• _What is expected_
Go through the data below and work out how many lines contain "roll"; the answer is the number alone.

• _Records_

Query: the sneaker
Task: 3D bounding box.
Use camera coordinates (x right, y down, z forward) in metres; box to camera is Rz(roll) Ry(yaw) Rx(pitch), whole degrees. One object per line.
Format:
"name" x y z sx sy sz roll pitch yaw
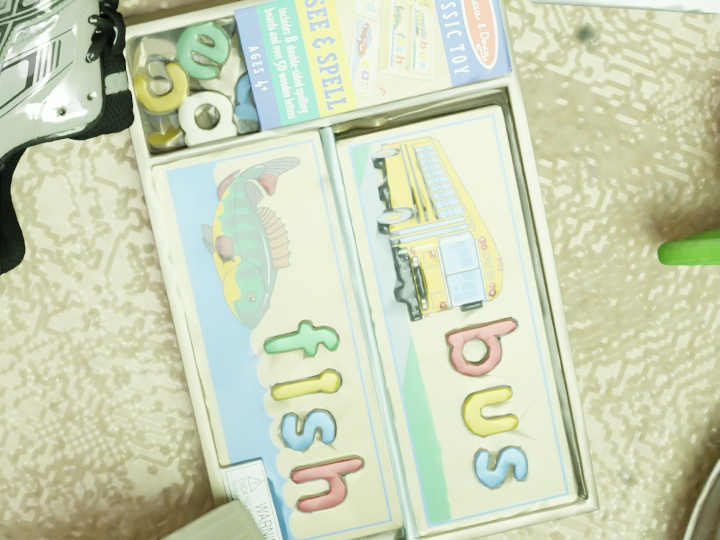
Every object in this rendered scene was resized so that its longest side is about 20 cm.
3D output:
"sneaker" -0.098 -0.086 0.849 0.087 0.076 0.200 33 107 2

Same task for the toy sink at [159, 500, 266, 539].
"toy sink" -0.055 0.197 0.858 0.130 0.112 0.201 -31 87 15

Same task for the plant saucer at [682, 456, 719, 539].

• _Result of the task_
2